* Records shown *
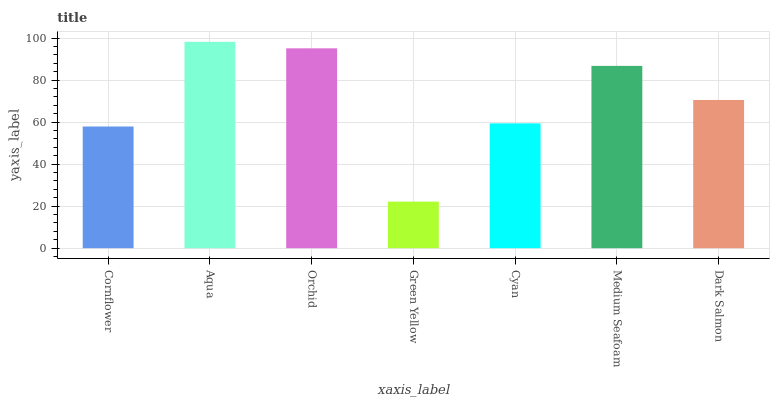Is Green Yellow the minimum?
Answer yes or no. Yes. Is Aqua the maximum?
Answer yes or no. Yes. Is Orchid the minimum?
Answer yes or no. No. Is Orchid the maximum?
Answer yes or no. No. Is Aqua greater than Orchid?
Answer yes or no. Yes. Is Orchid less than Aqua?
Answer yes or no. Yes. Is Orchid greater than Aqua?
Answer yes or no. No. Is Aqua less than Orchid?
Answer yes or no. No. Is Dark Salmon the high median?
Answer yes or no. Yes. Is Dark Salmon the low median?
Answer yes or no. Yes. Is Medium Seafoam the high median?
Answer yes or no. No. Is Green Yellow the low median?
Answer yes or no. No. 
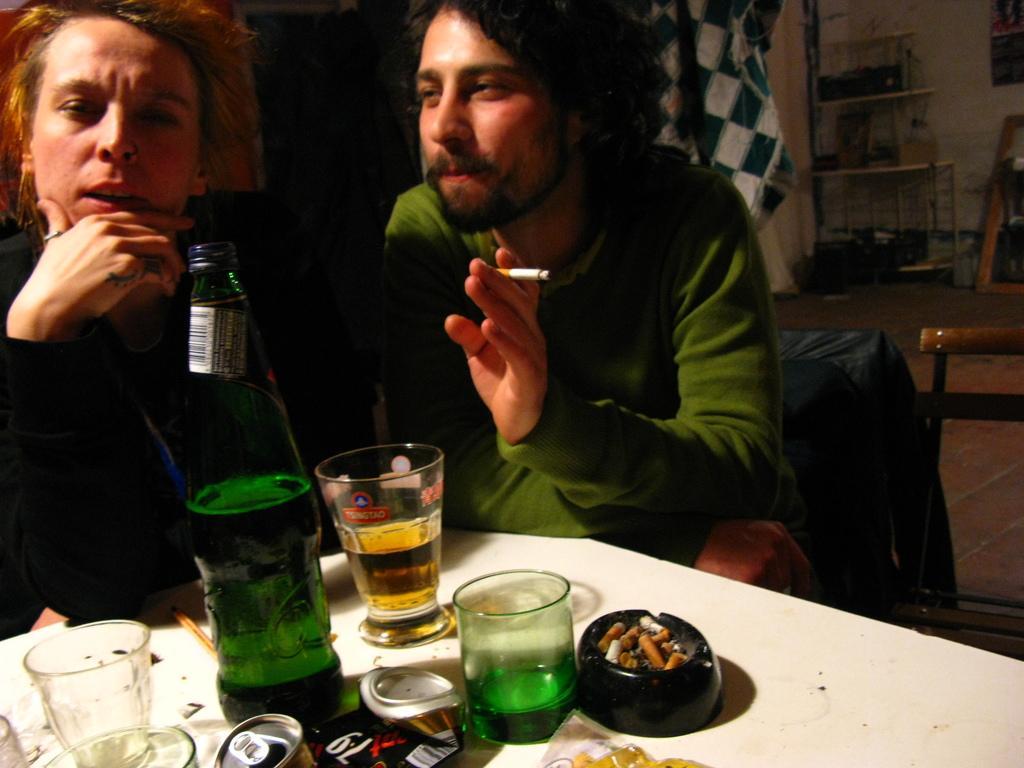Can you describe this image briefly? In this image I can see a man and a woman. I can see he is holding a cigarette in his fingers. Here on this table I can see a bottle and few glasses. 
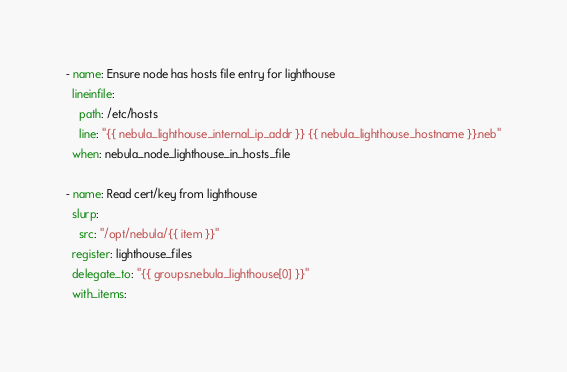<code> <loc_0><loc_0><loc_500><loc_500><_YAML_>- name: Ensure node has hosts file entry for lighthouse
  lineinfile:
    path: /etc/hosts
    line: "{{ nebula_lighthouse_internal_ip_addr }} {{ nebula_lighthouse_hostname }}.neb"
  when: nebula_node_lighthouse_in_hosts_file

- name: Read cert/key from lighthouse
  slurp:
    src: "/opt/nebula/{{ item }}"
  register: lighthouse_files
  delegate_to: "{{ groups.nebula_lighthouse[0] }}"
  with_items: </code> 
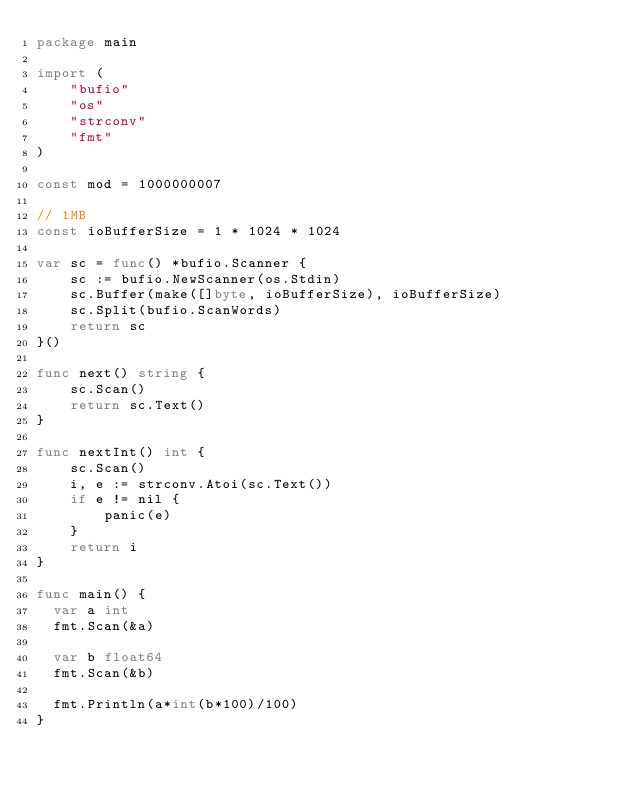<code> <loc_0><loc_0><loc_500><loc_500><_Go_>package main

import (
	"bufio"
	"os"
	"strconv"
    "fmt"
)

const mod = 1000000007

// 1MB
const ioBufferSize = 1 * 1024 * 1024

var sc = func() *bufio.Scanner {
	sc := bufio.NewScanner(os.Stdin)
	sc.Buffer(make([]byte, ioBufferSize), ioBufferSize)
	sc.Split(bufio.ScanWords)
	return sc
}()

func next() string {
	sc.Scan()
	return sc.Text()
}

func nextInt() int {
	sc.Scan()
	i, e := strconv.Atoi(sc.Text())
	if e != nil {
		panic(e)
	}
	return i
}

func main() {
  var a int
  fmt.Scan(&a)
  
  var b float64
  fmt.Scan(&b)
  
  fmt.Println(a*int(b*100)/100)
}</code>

==

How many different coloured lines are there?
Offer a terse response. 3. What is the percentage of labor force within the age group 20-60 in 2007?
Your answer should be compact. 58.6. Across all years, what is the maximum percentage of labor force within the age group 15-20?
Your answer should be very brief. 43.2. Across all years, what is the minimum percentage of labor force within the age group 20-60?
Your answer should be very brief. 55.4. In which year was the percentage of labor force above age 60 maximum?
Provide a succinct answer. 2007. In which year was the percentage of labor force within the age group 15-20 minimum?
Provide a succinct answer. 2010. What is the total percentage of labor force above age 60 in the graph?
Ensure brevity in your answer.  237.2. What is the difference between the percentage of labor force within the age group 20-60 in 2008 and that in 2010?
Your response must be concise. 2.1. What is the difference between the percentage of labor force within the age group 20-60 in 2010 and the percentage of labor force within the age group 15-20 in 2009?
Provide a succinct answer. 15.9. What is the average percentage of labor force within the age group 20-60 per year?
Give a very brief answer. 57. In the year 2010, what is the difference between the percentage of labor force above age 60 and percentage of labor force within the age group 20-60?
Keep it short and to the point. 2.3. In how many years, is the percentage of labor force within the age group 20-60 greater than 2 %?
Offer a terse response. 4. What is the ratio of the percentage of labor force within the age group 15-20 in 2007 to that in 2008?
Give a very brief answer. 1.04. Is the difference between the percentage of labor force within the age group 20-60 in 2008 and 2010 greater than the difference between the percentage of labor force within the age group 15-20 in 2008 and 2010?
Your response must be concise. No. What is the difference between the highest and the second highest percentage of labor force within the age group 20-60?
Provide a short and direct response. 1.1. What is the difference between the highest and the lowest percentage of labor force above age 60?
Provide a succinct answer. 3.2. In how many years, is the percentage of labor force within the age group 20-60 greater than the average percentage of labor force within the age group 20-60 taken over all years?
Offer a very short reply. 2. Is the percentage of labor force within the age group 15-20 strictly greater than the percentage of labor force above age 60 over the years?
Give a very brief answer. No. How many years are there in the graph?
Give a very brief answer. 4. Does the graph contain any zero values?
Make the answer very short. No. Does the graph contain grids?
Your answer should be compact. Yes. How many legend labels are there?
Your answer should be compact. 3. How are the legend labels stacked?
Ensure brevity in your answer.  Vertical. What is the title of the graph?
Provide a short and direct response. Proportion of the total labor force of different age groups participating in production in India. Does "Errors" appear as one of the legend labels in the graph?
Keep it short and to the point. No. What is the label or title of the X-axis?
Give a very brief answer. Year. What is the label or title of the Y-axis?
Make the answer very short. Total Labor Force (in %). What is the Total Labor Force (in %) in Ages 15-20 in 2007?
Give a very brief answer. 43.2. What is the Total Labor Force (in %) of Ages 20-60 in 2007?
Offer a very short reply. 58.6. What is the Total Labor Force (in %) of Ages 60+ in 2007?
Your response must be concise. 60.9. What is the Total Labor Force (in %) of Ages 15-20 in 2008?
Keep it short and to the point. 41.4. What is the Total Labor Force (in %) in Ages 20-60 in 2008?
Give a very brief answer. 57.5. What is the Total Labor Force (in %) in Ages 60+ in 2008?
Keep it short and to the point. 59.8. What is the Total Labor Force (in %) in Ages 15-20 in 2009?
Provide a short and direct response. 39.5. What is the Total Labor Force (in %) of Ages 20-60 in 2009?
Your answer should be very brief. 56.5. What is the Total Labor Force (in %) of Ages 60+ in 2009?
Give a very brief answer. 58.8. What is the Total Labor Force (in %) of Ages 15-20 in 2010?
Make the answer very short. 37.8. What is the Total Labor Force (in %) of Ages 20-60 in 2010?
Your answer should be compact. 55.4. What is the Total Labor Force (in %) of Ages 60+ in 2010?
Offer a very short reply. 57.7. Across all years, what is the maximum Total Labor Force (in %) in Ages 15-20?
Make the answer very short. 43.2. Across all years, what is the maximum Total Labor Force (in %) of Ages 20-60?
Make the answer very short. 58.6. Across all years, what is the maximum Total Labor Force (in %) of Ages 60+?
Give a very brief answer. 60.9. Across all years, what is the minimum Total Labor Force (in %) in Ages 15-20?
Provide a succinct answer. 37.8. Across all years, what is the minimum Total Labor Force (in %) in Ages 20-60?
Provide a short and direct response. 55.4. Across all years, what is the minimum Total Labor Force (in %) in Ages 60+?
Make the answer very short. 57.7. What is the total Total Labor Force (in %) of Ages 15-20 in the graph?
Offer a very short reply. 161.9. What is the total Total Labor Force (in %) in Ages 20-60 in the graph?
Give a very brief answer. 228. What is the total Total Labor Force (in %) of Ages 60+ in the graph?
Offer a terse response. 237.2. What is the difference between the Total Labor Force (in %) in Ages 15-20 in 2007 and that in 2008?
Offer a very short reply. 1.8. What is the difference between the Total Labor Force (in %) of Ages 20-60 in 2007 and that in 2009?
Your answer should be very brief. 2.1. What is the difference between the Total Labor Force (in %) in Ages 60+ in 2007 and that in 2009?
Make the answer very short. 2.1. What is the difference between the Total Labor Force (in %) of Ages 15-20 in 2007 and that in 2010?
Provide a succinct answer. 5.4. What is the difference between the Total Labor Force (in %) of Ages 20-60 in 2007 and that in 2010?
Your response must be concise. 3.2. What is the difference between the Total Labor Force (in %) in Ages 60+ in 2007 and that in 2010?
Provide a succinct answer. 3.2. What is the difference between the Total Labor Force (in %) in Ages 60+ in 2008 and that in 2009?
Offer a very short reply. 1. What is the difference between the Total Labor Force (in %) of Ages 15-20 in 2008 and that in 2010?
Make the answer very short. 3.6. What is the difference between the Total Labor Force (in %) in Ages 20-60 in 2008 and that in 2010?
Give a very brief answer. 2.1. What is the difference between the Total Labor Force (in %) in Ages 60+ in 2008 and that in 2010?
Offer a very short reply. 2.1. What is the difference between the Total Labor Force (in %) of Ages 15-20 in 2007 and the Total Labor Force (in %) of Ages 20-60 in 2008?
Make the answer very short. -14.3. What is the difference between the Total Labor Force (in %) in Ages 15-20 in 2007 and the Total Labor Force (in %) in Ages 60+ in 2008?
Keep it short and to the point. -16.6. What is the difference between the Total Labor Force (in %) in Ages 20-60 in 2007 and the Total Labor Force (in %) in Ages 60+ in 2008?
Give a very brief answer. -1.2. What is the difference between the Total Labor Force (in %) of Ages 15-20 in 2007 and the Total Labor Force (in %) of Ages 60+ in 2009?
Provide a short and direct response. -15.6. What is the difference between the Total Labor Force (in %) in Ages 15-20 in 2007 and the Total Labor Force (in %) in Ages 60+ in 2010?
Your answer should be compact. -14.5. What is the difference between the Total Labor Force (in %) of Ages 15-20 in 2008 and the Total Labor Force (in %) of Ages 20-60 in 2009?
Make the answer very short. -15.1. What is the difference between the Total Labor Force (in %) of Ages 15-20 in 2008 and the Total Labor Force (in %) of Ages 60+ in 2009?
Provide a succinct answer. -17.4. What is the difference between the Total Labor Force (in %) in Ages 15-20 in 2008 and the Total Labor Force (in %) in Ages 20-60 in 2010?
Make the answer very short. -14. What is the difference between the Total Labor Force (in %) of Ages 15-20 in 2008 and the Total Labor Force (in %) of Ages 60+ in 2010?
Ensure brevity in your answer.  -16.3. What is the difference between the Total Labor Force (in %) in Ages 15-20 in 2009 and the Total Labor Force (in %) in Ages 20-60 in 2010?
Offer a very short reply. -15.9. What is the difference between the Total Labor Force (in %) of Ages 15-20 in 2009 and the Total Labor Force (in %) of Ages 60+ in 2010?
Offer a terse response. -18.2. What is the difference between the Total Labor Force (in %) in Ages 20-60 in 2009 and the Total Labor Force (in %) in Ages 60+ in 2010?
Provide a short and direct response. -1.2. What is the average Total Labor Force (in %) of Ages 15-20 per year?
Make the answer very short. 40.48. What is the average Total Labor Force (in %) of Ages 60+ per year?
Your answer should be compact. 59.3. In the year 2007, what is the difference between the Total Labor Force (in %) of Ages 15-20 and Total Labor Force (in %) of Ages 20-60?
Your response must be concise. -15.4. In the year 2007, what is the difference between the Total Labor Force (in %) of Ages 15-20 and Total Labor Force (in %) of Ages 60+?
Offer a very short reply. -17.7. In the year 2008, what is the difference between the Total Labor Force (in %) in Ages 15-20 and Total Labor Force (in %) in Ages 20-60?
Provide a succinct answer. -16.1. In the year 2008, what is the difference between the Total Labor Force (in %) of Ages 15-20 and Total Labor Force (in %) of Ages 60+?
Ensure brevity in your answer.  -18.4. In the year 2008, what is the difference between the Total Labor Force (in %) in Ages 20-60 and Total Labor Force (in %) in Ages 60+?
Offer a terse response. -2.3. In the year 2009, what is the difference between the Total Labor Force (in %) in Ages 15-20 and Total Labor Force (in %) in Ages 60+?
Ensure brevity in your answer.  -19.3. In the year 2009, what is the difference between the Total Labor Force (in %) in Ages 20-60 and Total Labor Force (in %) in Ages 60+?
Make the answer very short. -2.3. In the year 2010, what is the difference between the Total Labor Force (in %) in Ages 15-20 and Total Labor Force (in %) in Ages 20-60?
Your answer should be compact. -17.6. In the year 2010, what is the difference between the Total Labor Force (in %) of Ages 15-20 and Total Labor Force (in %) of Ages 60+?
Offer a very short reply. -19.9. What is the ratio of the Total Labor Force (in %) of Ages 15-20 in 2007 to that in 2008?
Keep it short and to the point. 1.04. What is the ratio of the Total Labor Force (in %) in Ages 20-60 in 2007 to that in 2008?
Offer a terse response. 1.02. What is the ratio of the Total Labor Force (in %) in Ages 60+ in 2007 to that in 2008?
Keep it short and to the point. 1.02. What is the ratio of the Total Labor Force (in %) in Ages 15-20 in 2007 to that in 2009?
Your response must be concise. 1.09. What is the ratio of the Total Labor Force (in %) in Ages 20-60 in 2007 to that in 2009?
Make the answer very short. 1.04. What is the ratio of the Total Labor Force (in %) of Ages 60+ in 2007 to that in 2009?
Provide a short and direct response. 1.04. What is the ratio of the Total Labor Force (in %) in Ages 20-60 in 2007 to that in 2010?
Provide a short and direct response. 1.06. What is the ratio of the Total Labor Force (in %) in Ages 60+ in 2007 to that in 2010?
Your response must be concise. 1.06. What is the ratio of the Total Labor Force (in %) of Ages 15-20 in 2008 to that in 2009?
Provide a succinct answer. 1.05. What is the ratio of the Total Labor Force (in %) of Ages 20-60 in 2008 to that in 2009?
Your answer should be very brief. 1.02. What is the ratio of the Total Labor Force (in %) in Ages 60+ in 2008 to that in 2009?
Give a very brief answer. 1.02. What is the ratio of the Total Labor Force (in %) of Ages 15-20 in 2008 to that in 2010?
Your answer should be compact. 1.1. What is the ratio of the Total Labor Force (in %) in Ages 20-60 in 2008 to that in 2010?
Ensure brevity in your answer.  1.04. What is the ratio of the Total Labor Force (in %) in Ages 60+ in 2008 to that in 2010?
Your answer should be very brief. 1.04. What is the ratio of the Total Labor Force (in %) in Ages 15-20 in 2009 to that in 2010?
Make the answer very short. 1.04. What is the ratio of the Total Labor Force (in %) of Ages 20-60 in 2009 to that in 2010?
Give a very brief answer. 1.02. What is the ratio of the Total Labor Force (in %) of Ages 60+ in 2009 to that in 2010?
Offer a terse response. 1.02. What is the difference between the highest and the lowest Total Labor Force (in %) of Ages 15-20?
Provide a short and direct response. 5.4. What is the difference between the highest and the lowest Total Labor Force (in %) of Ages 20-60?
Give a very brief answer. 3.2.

* What you need to do *
Using the listing above, find how many lines include "axis"; reply with the number and no other words.

* Result *
2